A new method reveals critical weaknesses in today’s most powerful AI systems and highlights shortcomings in how we measure their abilities.

The Competency Gap method decomposes large language model evaluation into interpretable benchmark and model gaps by leveraging a concept dictionary learned through sparse autoencoding, quantifying both how much benchmarks activate individual concepts and projecting model performance into concept space to yield per-concept scores across benchmarks and evaluation suites.
The Competency Gap method decomposes large language model evaluation into interpretable benchmark and model gaps by leveraging a concept dictionary learned through sparse autoencoding, quantifying both how much benchmarks activate individual concepts and projecting model performance into concept space to yield per-concept scores across benchmarks and evaluation suites.

Researchers introduce Competency Gaps, a technique leveraging sparse autoencoders to identify and quantify gaps in concept coverage within large language models and their associated benchmark datasets.

Despite the increasing reliance on standardized benchmarks for evaluating large language models, aggregated metrics often obscure specific weaknesses and biases within both the models themselves and the benchmarks used to assess them. This work, ‘Uncovering Competency Gaps in Large Language Models and Their Benchmarks’, introduces a novel method leveraging sparse autoencoders to automatically identify these ‘competency gaps’-areas where models underperform or benchmarks lack comprehensive coverage. By grounding evaluation in model representations, the approach reveals consistent vulnerabilities related to asserting boundaries and safety, alongside benchmark imbalances favoring obedience and instruction-following. Could a more granular, representation-based evaluation unlock pathways to more robust and reliably aligned language models?

Unveiling the Foundations of LLM Competency

Despite their ability to generate remarkably human-like text and achieve state-of-the-art results on many natural language processing tasks, Large Language Models (LLMs) consistently demonstrate unexpected limitations when faced with certain challenges. These aren’t simply errors, but rather systemic gaps in competency revealed across a surprisingly broad range of benchmarks – from logical reasoning and common sense knowledge to nuanced understanding of physical interactions and complex instructions. For instance, a model might excel at summarizing news articles, yet struggle with basic arithmetic or identifying subtle contradictions in a given narrative. This inconsistency suggests that LLMs, while proficient at pattern recognition and statistical associations, often lack genuine comprehension and can be easily misled by adversarial examples or ambiguous phrasing, highlighting a crucial need to move beyond aggregate performance metrics and investigate these vulnerabilities in detail.

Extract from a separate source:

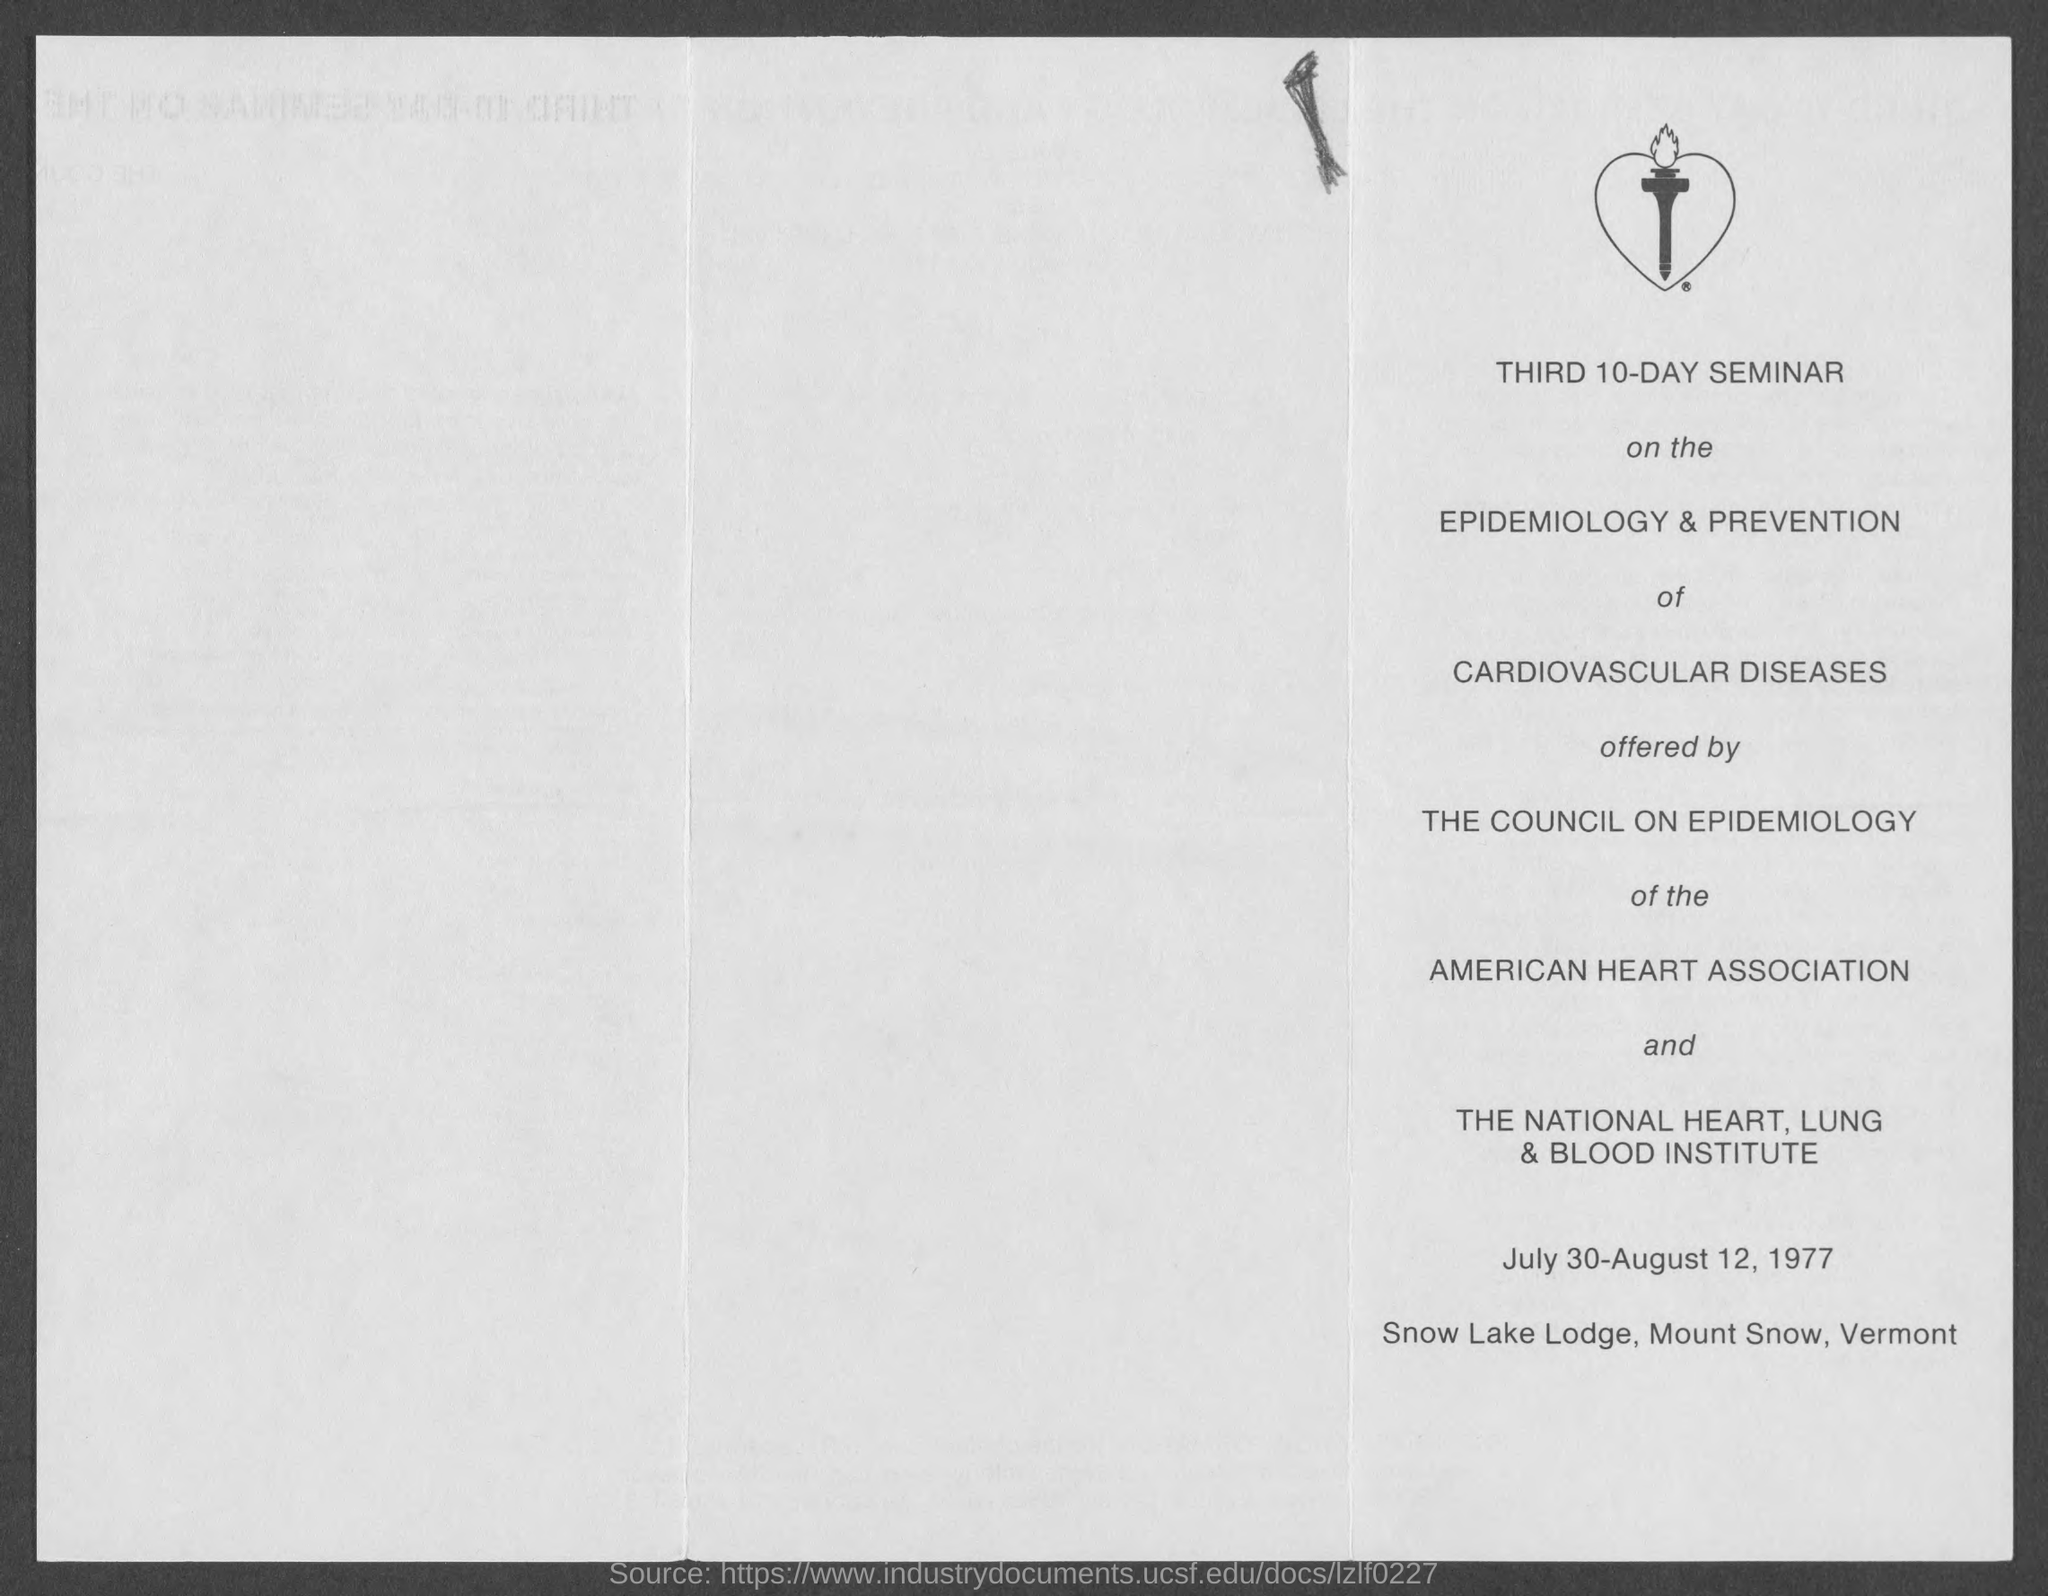Identify some key points in this picture. Cardiovascular diseases are the type of illness that was the focus of the seminar. The seminar will take place at Snow Lake Lodge, located in Mount Snow, Vermont. The Council on Epidemiology offered the seminar. The National Heart, Lung & Blood Institute has the power over The Council on Epidemiology. The American Heart Association has the power over The Council on Epidemiology. 
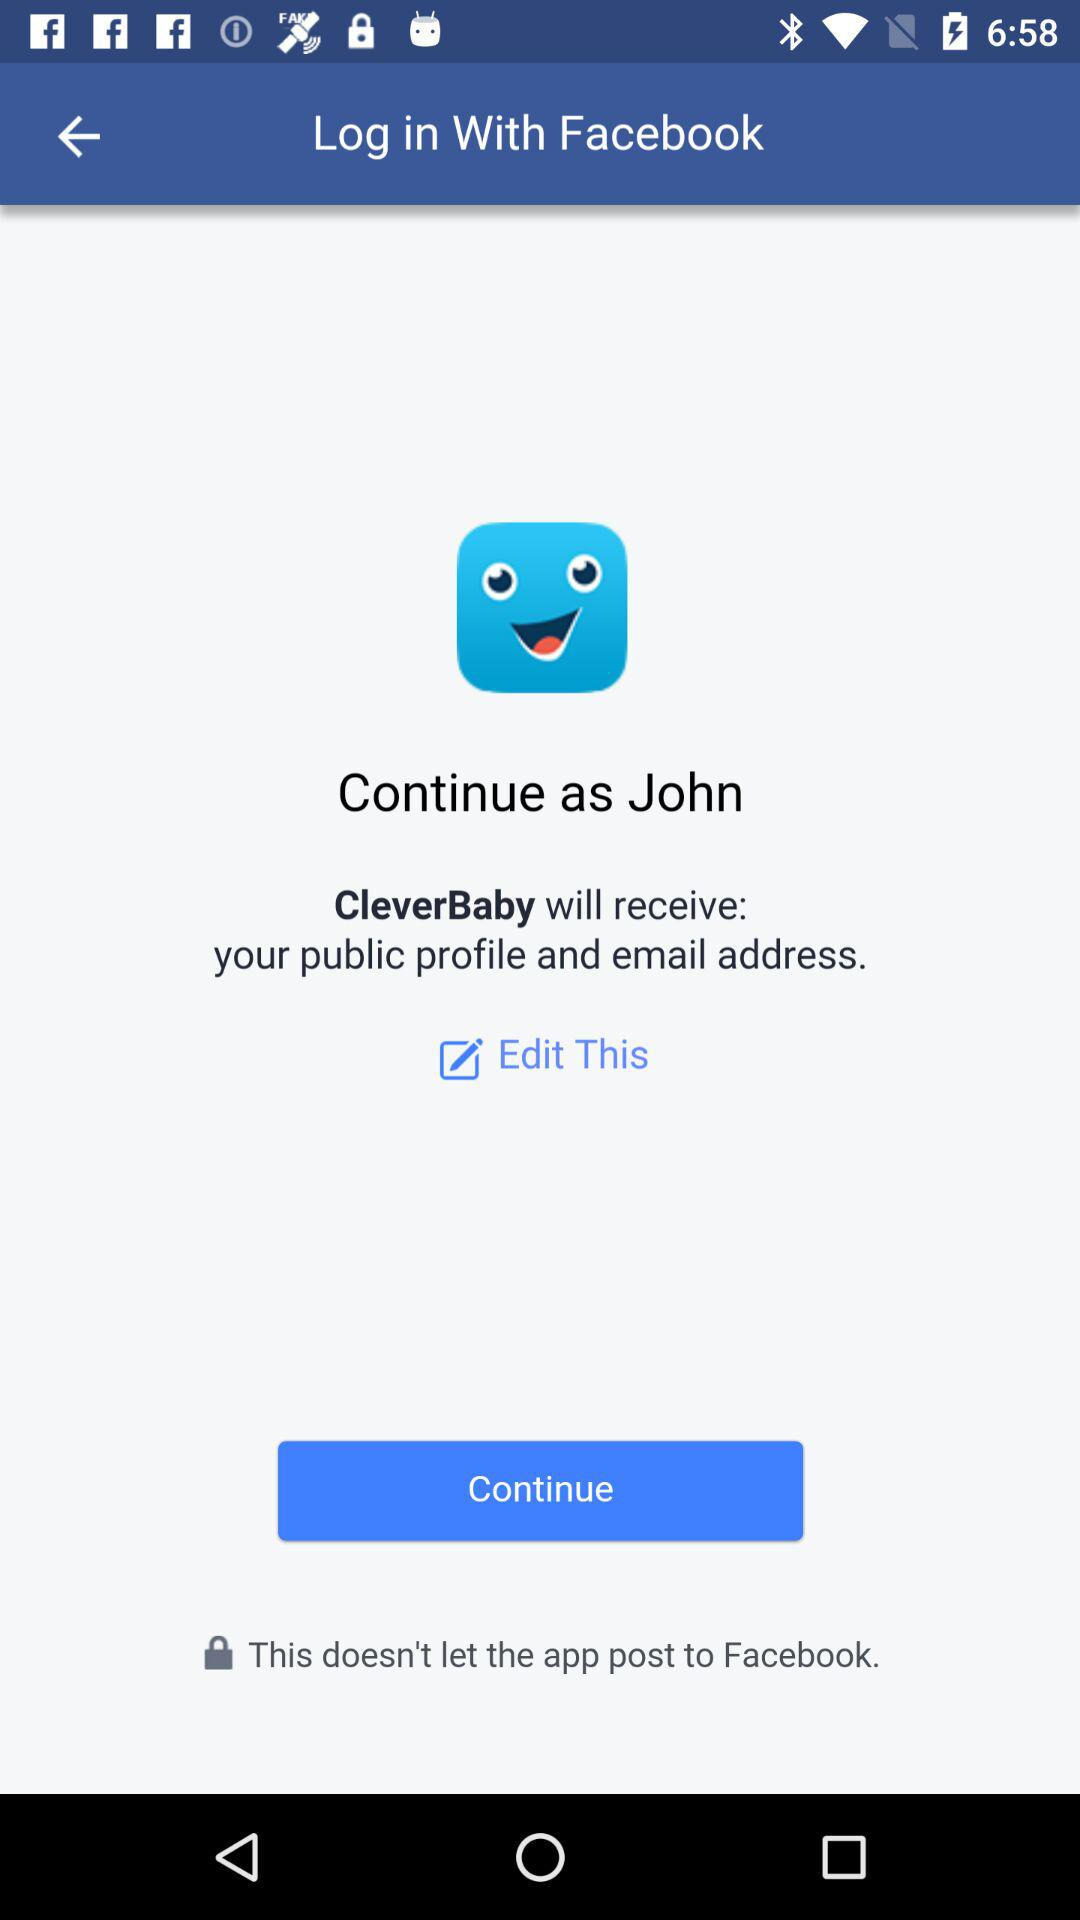What is the user's last name?
When the provided information is insufficient, respond with <no answer>. <no answer> 
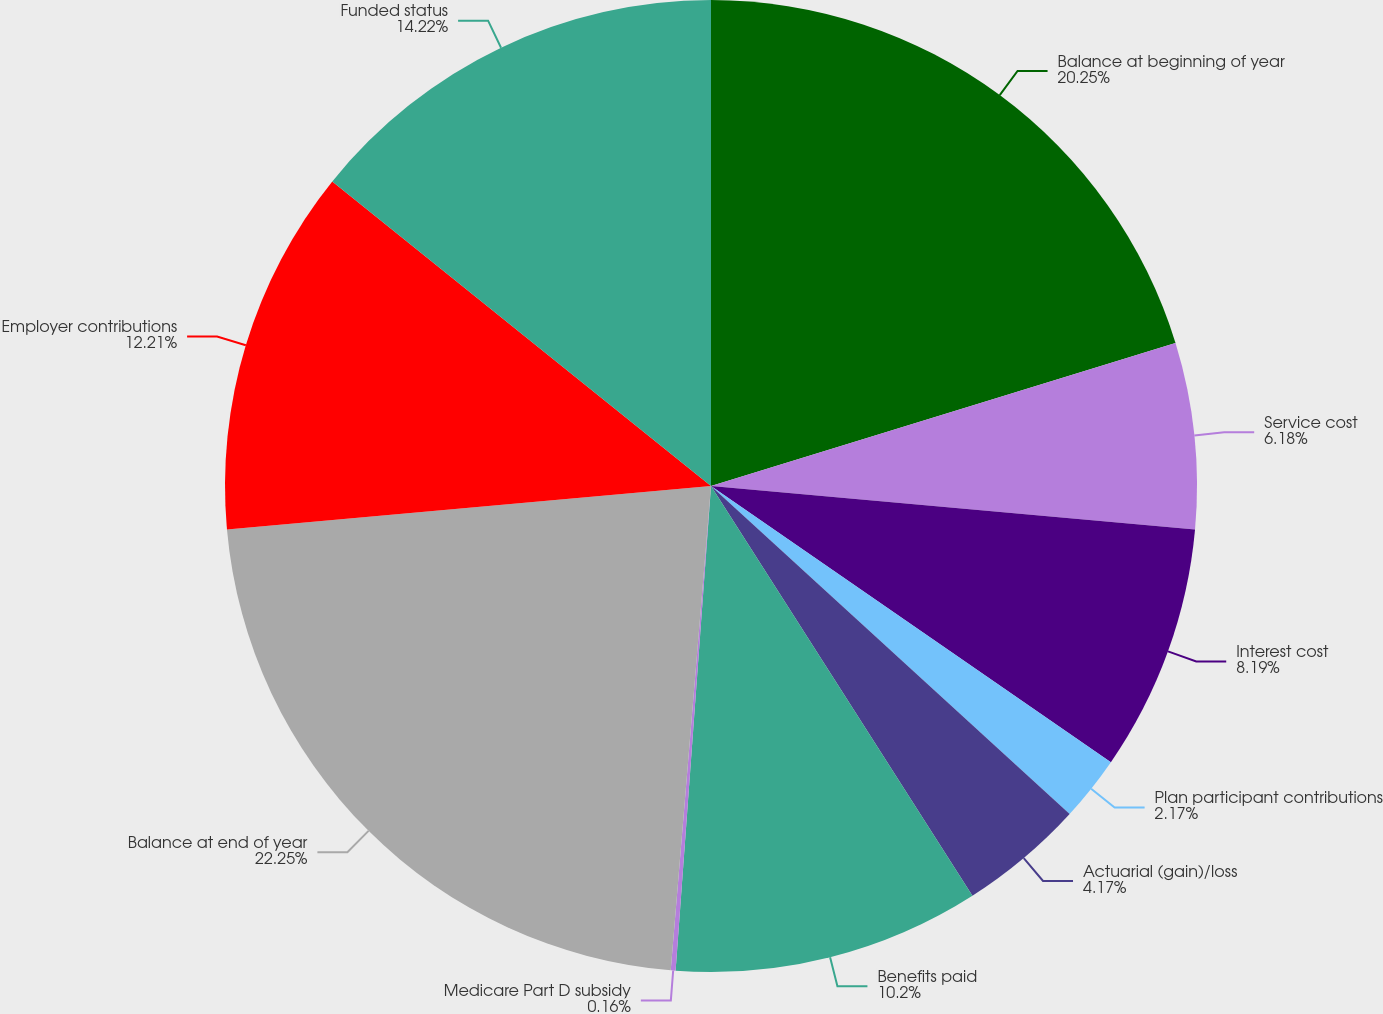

Current methods for assessing Large Language Models frequently rely on aggregate scores across benchmark datasets, offering a broad overview of performance but failing to dissect where precisely a model struggles and, crucially, why. This lack of granular insight presents a significant obstacle to meaningful progress; simply knowing a model performs poorly on a task doesn’t illuminate the root cause – is it a deficiency in reasoning, factual knowledge, understanding nuanced language, or an inability to generalize? Without pinpointing these weaknesses, developers are left to rely on broad, often inefficient, strategies for improvement, hindering the potential for targeted interventions and optimized model refinement. Consequently, advancements are slowed, and the path towards truly robust and reliable artificial intelligence remains obscured by a lack of diagnostic precision.

The pursuit of truly robust Large Language Models necessitates a shift from broad performance metrics to granular weakness detection. Current evaluation relies heavily on benchmark scores, offering limited insight into where models falter and why. Consequently, researchers are increasingly focused on developing automated systems capable of systematically probing LLMs across a diverse range of tasks and identifying specific limitations – be it logical reasoning, common sense understanding, or susceptibility to adversarial prompts. These systems aim to move beyond simply measuring success or failure, instead dissecting the internal processes that lead to errors and pinpointing the root causes of inconsistent performance. This targeted approach promises to accelerate model improvement, allowing developers to address fundamental flaws rather than merely optimizing for surface-level gains and ultimately building more reliable and trustworthy AI systems.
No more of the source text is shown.